• Prompt: All entries are to be reproduced exactly; the pictures are to be omitted.

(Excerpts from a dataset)
....................

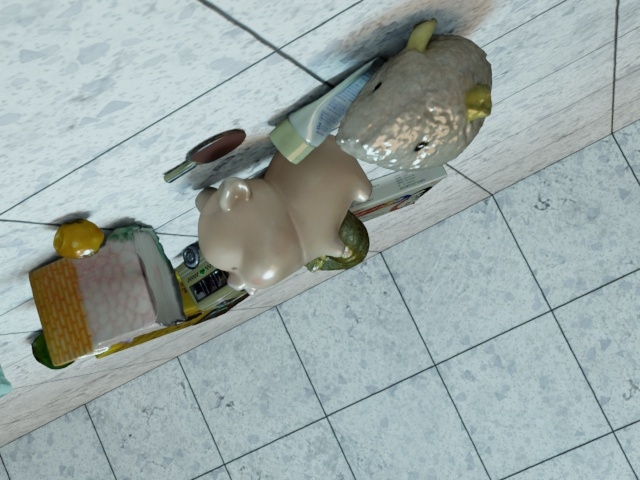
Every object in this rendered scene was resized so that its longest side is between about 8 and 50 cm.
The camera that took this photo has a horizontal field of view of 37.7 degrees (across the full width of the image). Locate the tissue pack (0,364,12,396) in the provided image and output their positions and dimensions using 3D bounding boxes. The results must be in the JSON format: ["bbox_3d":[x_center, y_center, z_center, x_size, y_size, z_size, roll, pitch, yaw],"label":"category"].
[{"bbox_3d":[-0.842,0.307,1.840,0.388,0.162,0.287,-24,168,-8],"label":"tissue pack"}]

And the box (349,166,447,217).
[{"bbox_3d":[0.139,-0.105,2.454,0.353,0.069,0.214,-22,170,-28],"label":"box"}]

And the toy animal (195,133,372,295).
[{"bbox_3d":[-0.069,-0.054,1.662,0.326,0.269,0.237,-64,-165,-8],"label":"toy animal"}]

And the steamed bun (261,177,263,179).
[{"bbox_3d":[-0.051,-0.094,1.865,0.144,0.106,0.175,-29,173,21],"label":"steamed bun"}]

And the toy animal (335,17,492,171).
[{"bbox_3d":[0.172,-0.219,1.479,0.226,0.188,0.358,-43,178,27],"label":"toy animal"}]

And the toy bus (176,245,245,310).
[{"bbox_3d":[-0.184,0.044,2.120,0.289,0.157,0.139,-32,169,36],"label":"toy bus"}]

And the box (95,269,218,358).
[{"bbox_3d":[-0.367,0.156,2.399,0.415,0.116,0.264,-17,166,-40],"label":"box"}]

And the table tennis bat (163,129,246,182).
[{"bbox_3d":[-0.190,-0.138,1.533,0.158,0.014,0.095,-30,171,17],"label":"table tennis bat"}]

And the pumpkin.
[{"bbox_3d":[0.000,0.000,2.248,0.219,0.162,0.219,13,157,6],"label":"pumpkin"}]

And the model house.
[{"bbox_3d":[-0.408,0.104,1.780,0.237,0.202,0.237,-20,178,3],"label":"model house"}]

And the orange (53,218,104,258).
[{"bbox_3d":[-0.400,-0.006,1.558,0.086,0.062,0.086,3,-159,-1],"label":"orange"}]

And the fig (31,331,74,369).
[{"bbox_3d":[-0.664,0.269,2.315,0.117,0.117,0.177,-17,178,-43],"label":"fig"}]

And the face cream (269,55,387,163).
[{"bbox_3d":[0.021,-0.222,1.531,0.224,0.070,0.114,-40,170,13],"label":"face cream"}]

....................

• Task answer:
Every object in this rendered scene was resized so that its longest side is between about 8 and 50 cm.
The camera that took this photo has a horizontal field of view of 37.7 degrees (across the full width of the image). Locate the tissue pack (0,364,12,396) in the provided image and output their positions and dimensions using 3D bounding boxes. The results must be in the JSON format: ["bbox_3d":[x_center, y_center, z_center, x_size, y_size, z_size, roll, pitch, yaw],"label":"category"].
[{"bbox_3d":[-0.842,0.307,1.840,0.388,0.162,0.287,-24,168,-8],"label":"tissue pack"}]

And the box (349,166,447,217).
[{"bbox_3d":[0.139,-0.105,2.454,0.353,0.069,0.214,-22,170,-28],"label":"box"}]

And the toy animal (195,133,372,295).
[{"bbox_3d":[-0.069,-0.054,1.662,0.326,0.269,0.237,-64,-165,-8],"label":"toy animal"}]

And the steamed bun (261,177,263,179).
[{"bbox_3d":[-0.051,-0.094,1.865,0.144,0.106,0.175,-29,173,21],"label":"steamed bun"}]

And the toy animal (335,17,492,171).
[{"bbox_3d":[0.172,-0.219,1.479,0.226,0.188,0.358,-43,178,27],"label":"toy animal"}]

And the toy bus (176,245,245,310).
[{"bbox_3d":[-0.184,0.044,2.120,0.289,0.157,0.139,-32,169,36],"label":"toy bus"}]

And the box (95,269,218,358).
[{"bbox_3d":[-0.367,0.156,2.399,0.415,0.116,0.264,-17,166,-40],"label":"box"}]

And the table tennis bat (163,129,246,182).
[{"bbox_3d":[-0.190,-0.138,1.533,0.158,0.014,0.095,-30,171,17],"label":"table tennis bat"}]

And the pumpkin.
[{"bbox_3d":[0.000,0.000,2.248,0.219,0.162,0.219,13,157,6],"label":"pumpkin"}]

And the model house.
[{"bbox_3d":[-0.408,0.104,1.780,0.237,0.202,0.237,-20,178,3],"label":"model house"}]

And the orange (53,218,104,258).
[{"bbox_3d":[-0.400,-0.006,1.558,0.086,0.062,0.086,3,-159,-1],"label":"orange"}]

And the fig (31,331,74,369).
[{"bbox_3d":[-0.664,0.269,2.315,0.117,0.117,0.177,-17,178,-43],"label":"fig"}]

And the face cream (269,55,387,163).
[{"bbox_3d":[0.021,-0.222,1.531,0.224,0.070,0.114,-40,170,13],"label":"face cream"}]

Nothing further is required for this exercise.